Son parcours a ému les téléspectateurs. Dès les premières minutes de sa présentation, Alexandre, 40 ans, est présenté comme un homme sensible, marqué par une enfance difficile. Lui-même révèle avoir été maltraité dans son jeune âge. Un passé «douloureux», comme il le décrit lui-même dans «Mariés au premier regard» sur M6, et qui a, malgré lui, impacté ses relations amoureuses. Très proche de sa famille paternelle, notamment de sa grand-mère mais surtout de ses deux fils de 4 et 12 ans, Alexandre se dit aujourd’hui prêt à trouver l’amour.
Installé tout près de ses cousins, dans la campagne périgourdine, il reconnaît aimer être entouré. Sa meilleure amie, Marion, dit de lui que c’est quelqu’un d’extrêmement généreux et vaillant. Le programme avec Estelle Dossin et Marie Tapernoux le décrit comme «un homme simple, très attaché à ses racines rurales». C’est auprès de Perrine que les expertes lui ont trouvé une compatibilité de 79%. Tous deux se sont dit «oui» au premier regard. Nous nous sommes entretenus avec Alexandre.
TV MAGAZINE. - Pourquoi avoir tenté l’aventure «Mariés au premier regard» ?
Alexandre. - C’était à l’occasion d’un dîner avec des amis. On discutait et l’un d’eux m’a lancé en rigolant : « Tu ne serais pas capable de t’inscrire à “Mariés au premier regard !” ». J’ai répondu, toujours en plaisantant, que je pouvais le faire, en me disant qu’au pire, même si je m’inscrivais, il n’y aurait pas de suite, parce qu’on ne s’y attend pas forcément. Alors je me suis inscrit et, une heure après, la production m’a appelé. C’était complètement fou et totalement improbable qu’ils me rappellent aussi vite. Au départ, c’était une blague entre amis et c’est devenu quelque chose de très sérieux. C’était la première fois que je tentais cette émission, mais j’avais déjà essayé de passer les castings d’autres programmes, comme «Pékin Express» sur M6 et «Koh-Lanta» sur TF1. J’ai un côté aventurier, je suis ambitieux dans tout ce que je fais, tout en restant dans l’humilité. L’aventure, c’est quelque chose qui me plaît aussi.
Que s’est-il passé dans votre vie amoureuse avant d’arriver à «Mariés au premier regard» ?

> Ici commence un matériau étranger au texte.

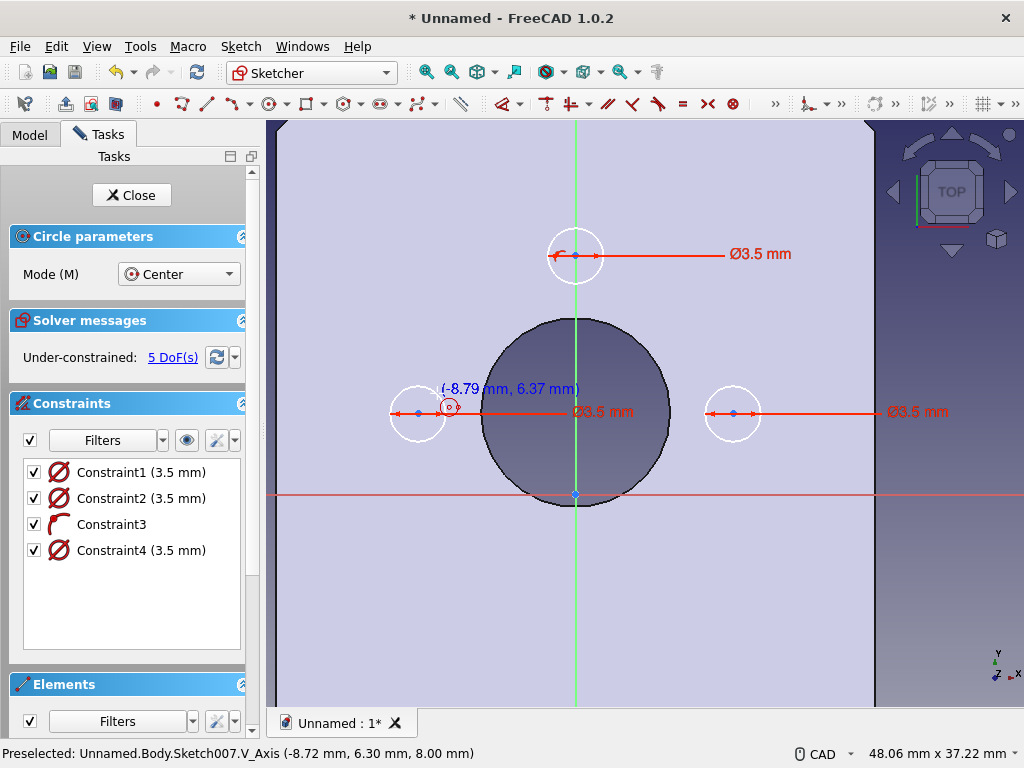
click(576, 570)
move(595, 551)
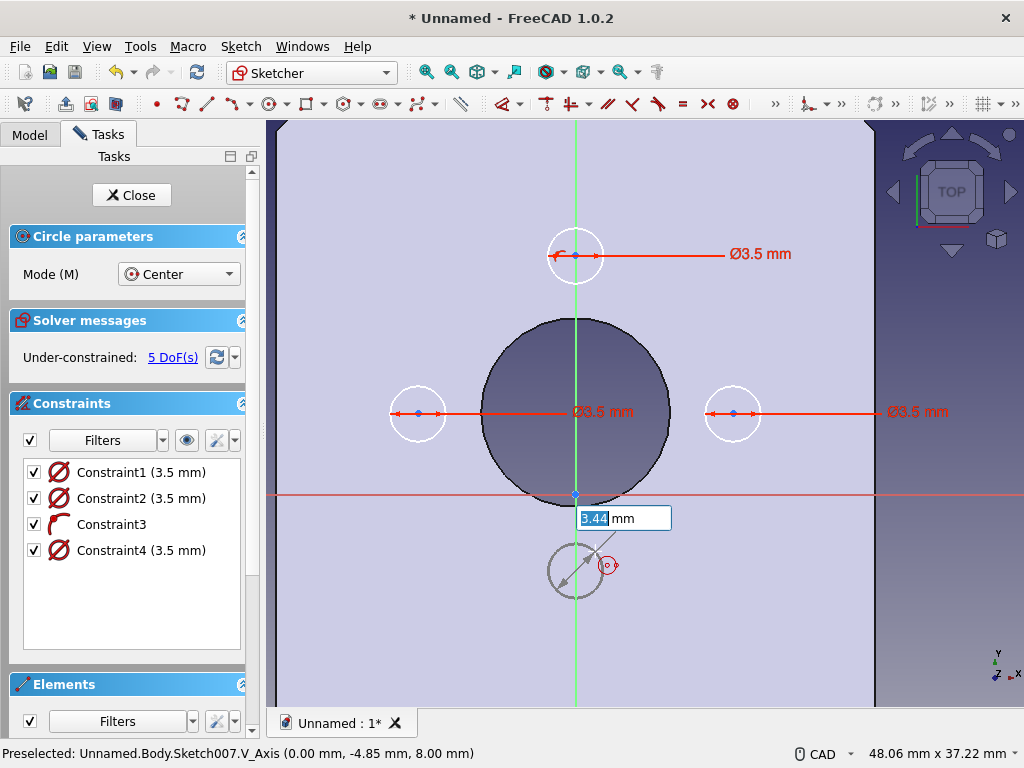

Je n’ai vraiment aimé que trois personnes. La première était quelqu’un de pétillant, avec un grain de folie. Ensuite, j’ai rencontré la maman de mon grand, avec qui je suis resté plusieurs années. Elle est arrivée à un moment de ma vie où j’avais besoin d’une personne maternelle, et c’est ce qu’elle a été. Après notre séparation, je suis parti vivre trois ans au Pays basque pour le travail, mais aussi pour sortir de ma bulle. Ça m’a permis de voir autre chose, de grandir, d’évoluer humainement. À mon retour, j’ai rencontré la maman de mon petit, avec qui je suis aussi resté quelque temps aussi. C’est une très belle personne, droite, carrée, mais très aimante. On a eu notre enfant, puis la vie a fait que nous nous sommes séparés. Mes enfants ont la chance d’avoir des parents séparés qui s’entendent très bien et vont dans le même sens. Je ferais n’importe quoi pour eux, c’est une certitude. Les deux mamans de mes enfants sont deux femmes formidables.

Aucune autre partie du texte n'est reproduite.